**Records for this task:**
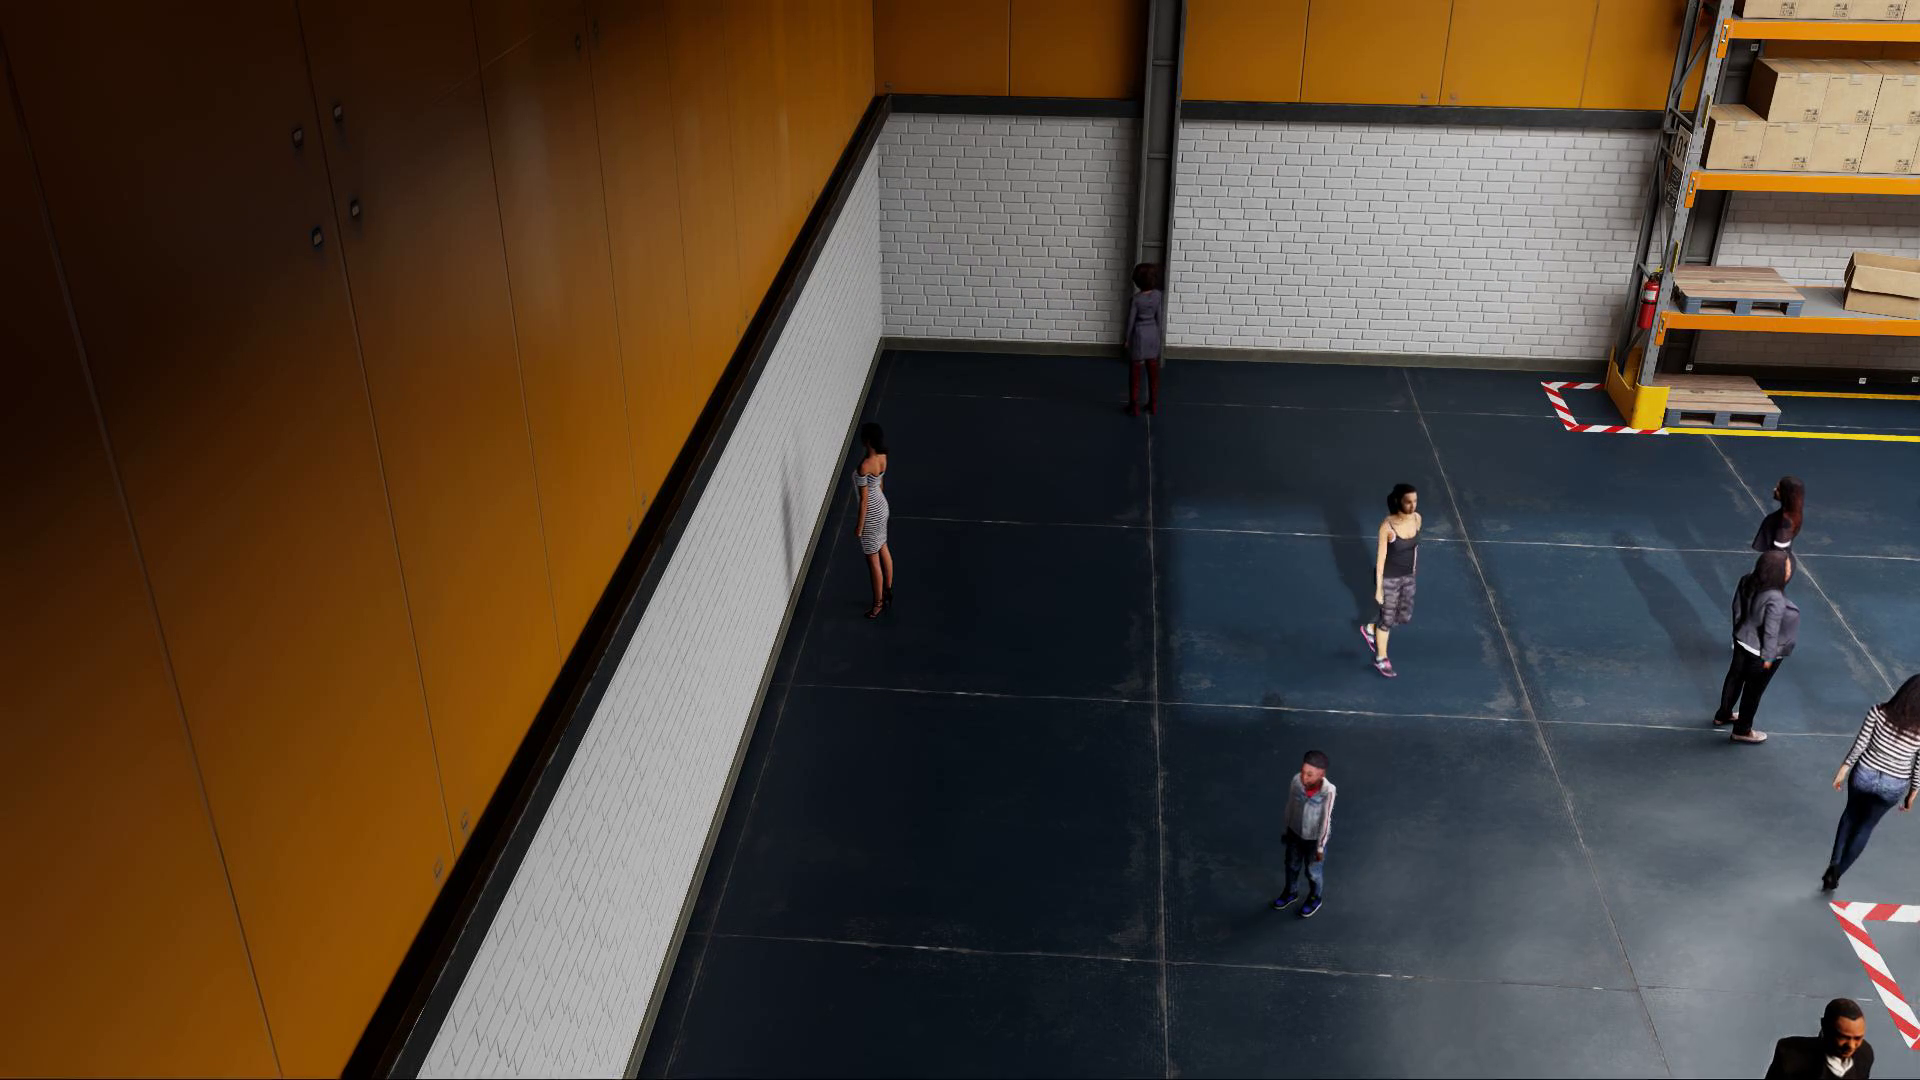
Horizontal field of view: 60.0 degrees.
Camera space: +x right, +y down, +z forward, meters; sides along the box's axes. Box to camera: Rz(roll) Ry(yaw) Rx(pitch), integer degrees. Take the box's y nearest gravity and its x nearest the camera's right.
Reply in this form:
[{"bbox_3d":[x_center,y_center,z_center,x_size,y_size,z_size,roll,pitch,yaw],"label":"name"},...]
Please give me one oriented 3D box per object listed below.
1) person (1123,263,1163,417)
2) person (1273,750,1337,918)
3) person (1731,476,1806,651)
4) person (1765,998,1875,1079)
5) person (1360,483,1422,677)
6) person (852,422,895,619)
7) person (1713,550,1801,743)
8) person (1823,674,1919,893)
[{"bbox_3d":[2.007,-2.169,18.033,0.592,1.710,0.720,-11,30,-19],"label":"person"},{"bbox_3d":[2.332,1.921,11.007,0.586,1.257,0.654,23,36,36],"label":"person"},{"bbox_3d":[6.727,0.223,13.723,0.710,1.637,0.691,15,32,25],"label":"person"},{"bbox_3d":[4.199,3.015,8.327,0.611,1.903,0.815,-3,29,-6],"label":"person"},{"bbox_3d":[3.469,0.280,13.536,0.762,1.716,0.801,-13,31,-23],"label":"person"},{"bbox_3d":[-0.735,-0.177,14.263,0.628,1.822,0.666,11,30,19],"label":"person"},{"bbox_3d":[6.102,0.790,12.726,0.721,1.597,0.727,-3,29,-6],"label":"person"},{"bbox_3d":[5.996,1.681,10.916,0.752,1.765,0.834,20,35,32],"label":"person"}]
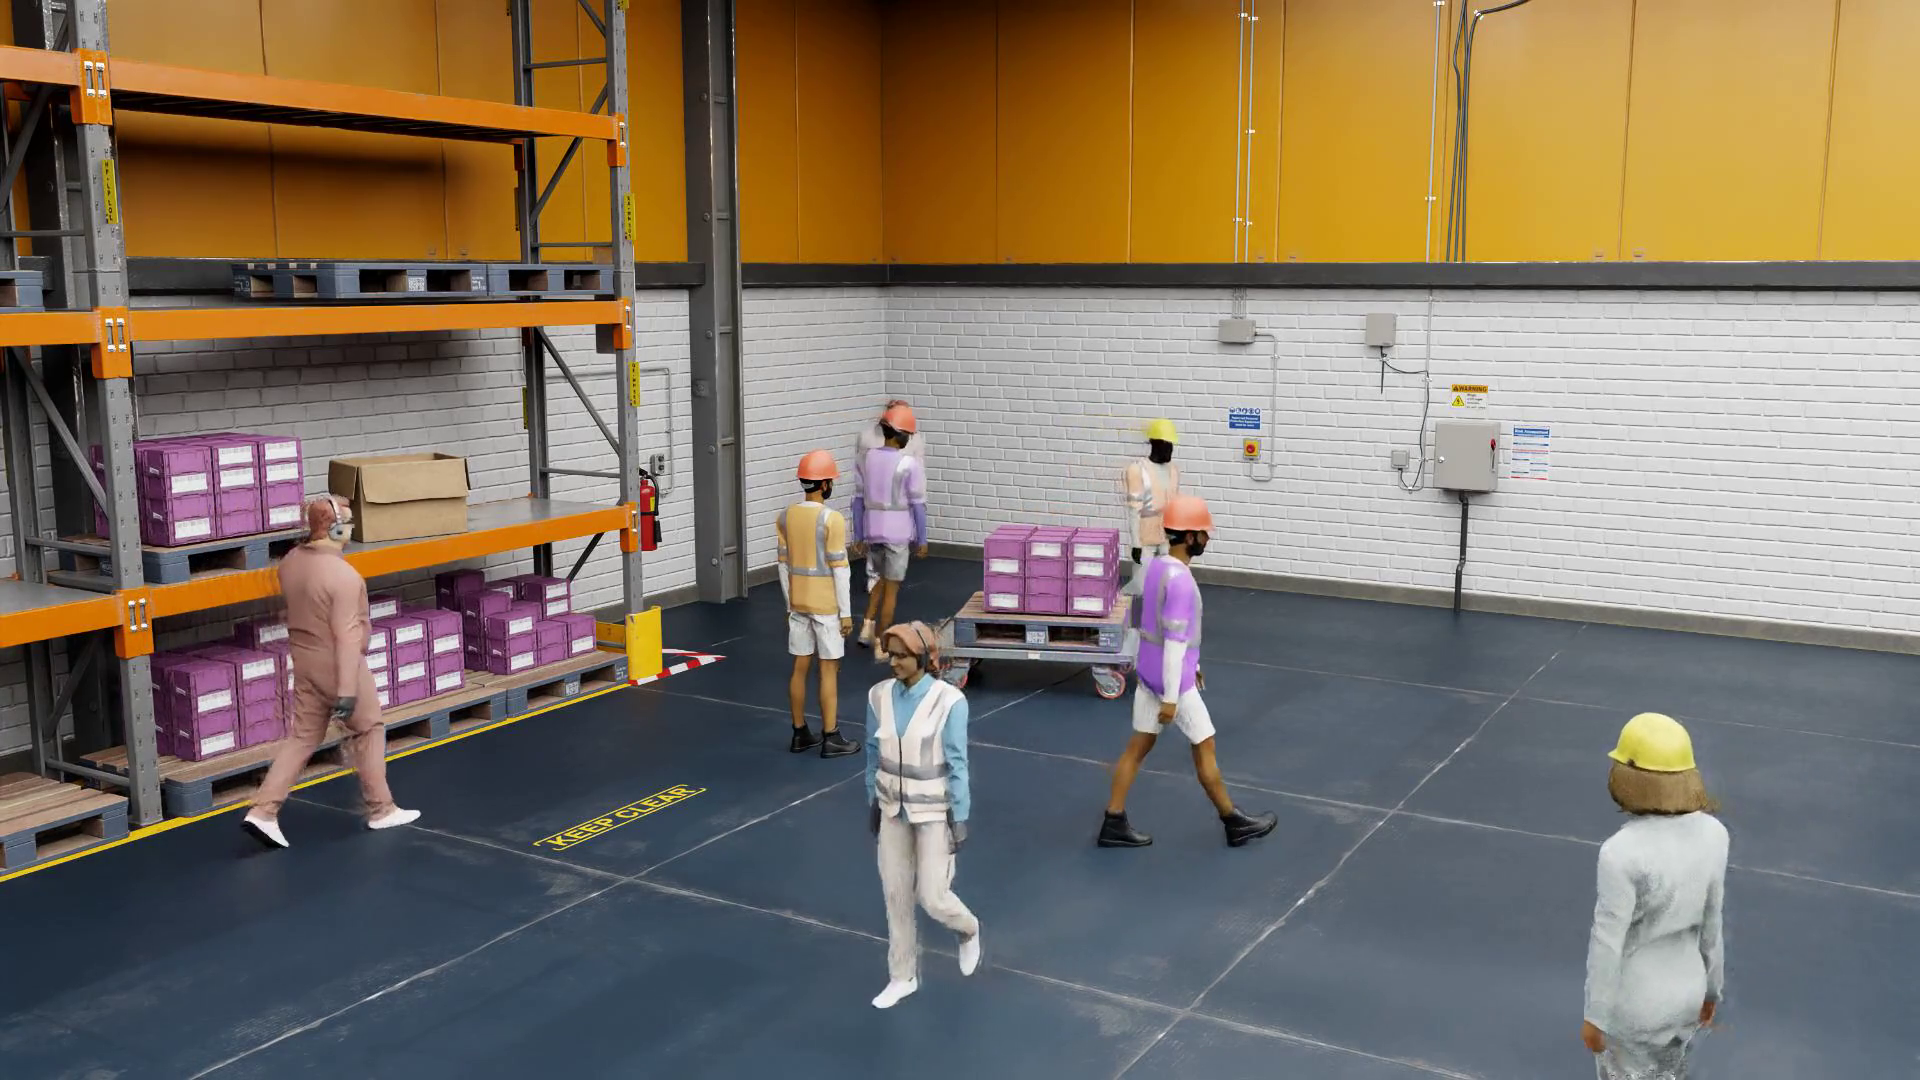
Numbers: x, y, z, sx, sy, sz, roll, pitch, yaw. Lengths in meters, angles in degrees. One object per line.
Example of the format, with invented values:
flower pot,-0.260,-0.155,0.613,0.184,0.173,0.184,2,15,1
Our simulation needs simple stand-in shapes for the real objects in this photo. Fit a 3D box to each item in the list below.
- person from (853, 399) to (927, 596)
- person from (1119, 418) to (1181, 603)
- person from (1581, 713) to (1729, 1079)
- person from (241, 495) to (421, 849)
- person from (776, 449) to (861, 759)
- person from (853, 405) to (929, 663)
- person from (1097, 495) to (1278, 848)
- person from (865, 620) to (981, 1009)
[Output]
person,-0.661,-0.394,15.624,0.663,1.866,0.594,-2,9,-15
person,1.519,-0.050,13.383,0.587,1.898,0.821,-6,11,-34
person,2.090,1.373,4.997,0.503,1.726,0.423,-4,10,-26
person,-3.387,0.696,8.809,0.637,1.878,0.913,6,11,34
person,-0.889,0.399,10.448,0.542,1.939,0.362,7,11,36
person,-0.546,-0.041,12.985,0.620,2.011,0.482,6,11,34
person,1.185,0.702,8.704,0.997,1.885,0.565,-2,9,-12
person,-0.153,1.122,6.909,0.528,1.623,0.463,6,11,35

**Problem:**
Where the string "below" shows up in the listing above, copy the line that holds it.

**Output for this task:**
Please give me one oriented 3D box per object listed below.
Our simulation needs simple stand-in shapes for the real objects in this photo. Fit a 3D box to each item in the list below.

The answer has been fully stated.